### Data listing
- Opening Delimiter -

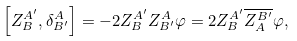<formula> <loc_0><loc_0><loc_500><loc_500>\left [ Z ^ { A ^ { \prime } } _ { B } , \delta _ { B ^ { \prime } } ^ { A } \right ] = - 2 Z ^ { A ^ { \prime } } _ { B } Z _ { B ^ { \prime } } ^ { A } \varphi = 2 Z ^ { A ^ { \prime } } _ { B } \overline { Z ^ { B ^ { \prime } } _ { A } } \varphi ,</formula> 
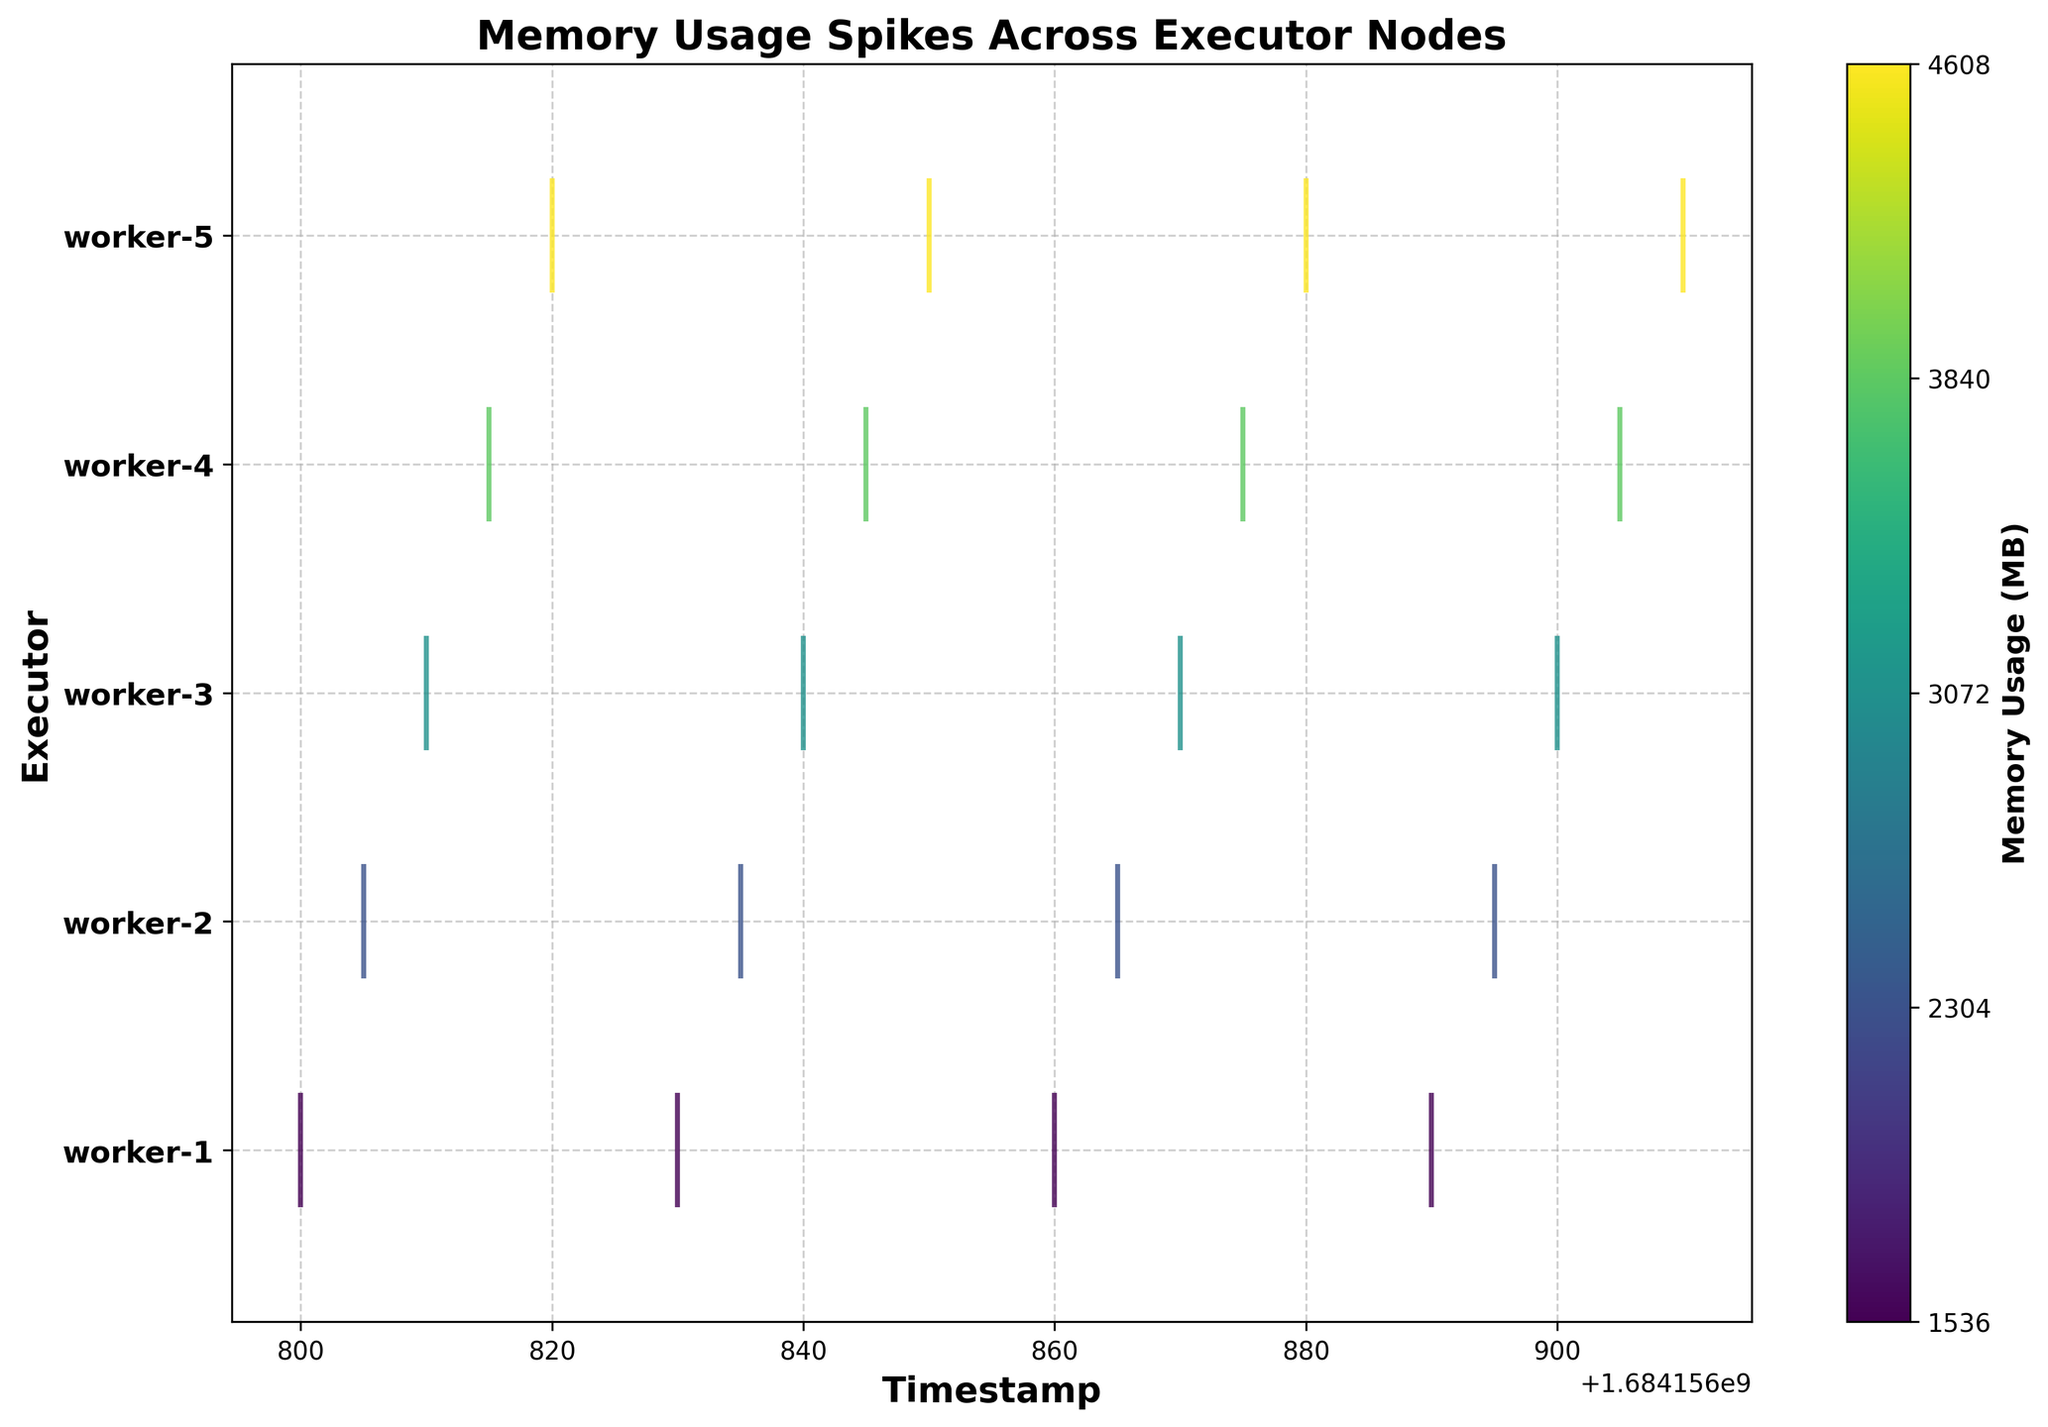What's the title of the plot? The title of the plot is located at the top of the figure and it summarizes the content of the plot.
Answer: Memory Usage Spikes Across Executor Nodes How many executor nodes are represented in the plot? Look at the y-axis where the distinct executors are labeled. Count these labels to determine the total number of executor nodes.
Answer: 5 Which executor node has the highest memory usage spike and at what timestamp does this peak occur? Identify the highest data point on the color map which indicates the maximum memory usage, then trace this data point back to its corresponding executor and timestamp.
Answer: Worker-4, 1684156875 Between which timestamps do most memory usage spikes for Worker-3 occur? Look at the event lines for Worker-3 and observe the concentration of spikes to determine the timestamp range.
Answer: 1684156810 to 1684156900 Compare the memory usage spikes between Worker-1 and Worker-5. Which one has more spikes? Count the number of spikes (events) for Worker-1 and Worker-5 and compare them.
Answer: Worker-1 At what timestamps does Worker-2 experience memory usage spikes? Reference the position of event lines associated with Worker-2 on the x-axis to determine the specific timestamps.
Answer: 1684156805, 1684156835, 1684156865, 1684156895 What's the average memory usage for all executor nodes at the timestamp 1684156830? Locate the memory usage events at timestamp 1684156830, sum these values, and then divide by the number of nodes with data points at this timestamp. Worker-1: 3072, Worker-2: 2560, Worker-3: 2816, Worker-4: 3328, Worker-5: 2944. Sum: 14720/5 = 2944.
Answer: 2944 Which executor node shows a decreasing trend in memory usage after its peak? Identify the spike peaks for each executor, then observe if the subsequent data points are lower.
Answer: Worker-1 What is the memory usage range represented by the color bar? Examine the color bar legend which represents the memory usage values to determine the range. The scale usually maps colors to data values directly.
Answer: 1536 to 4608 MB In terms of timestamps, what is the duration covered in the plot? Assess the range on the x-axis starting from the earliest timestamp to the latest timestamp. Calculate the difference between these two timestamps.
Answer: 1684156800 to 1684156910 (110 seconds)

- Closing Delimiter -

### Problem requirements
Reproducing the whole listing above is not the task. Copy exactly only the lines from the one with "Answer: 5 Which" to the one with "Answer: Worker-1 At", both kept.

### Result below
Answer: 5 Which executor node has the highest memory usage spike and at what timestamp does this peak occur? Identify the highest data point on the color map which indicates the maximum memory usage, then trace this data point back to its corresponding executor and timestamp.
Answer: Worker-4, 1684156875 Between which timestamps do most memory usage spikes for Worker-3 occur? Look at the event lines for Worker-3 and observe the concentration of spikes to determine the timestamp range.
Answer: 1684156810 to 1684156900 Compare the memory usage spikes between Worker-1 and Worker-5. Which one has more spikes? Count the number of spikes (events) for Worker-1 and Worker-5 and compare them.
Answer: Worker-1 At what timestamps does Worker-2 experience memory usage spikes? Reference the position of event lines associated with Worker-2 on the x-axis to determine the specific timestamps.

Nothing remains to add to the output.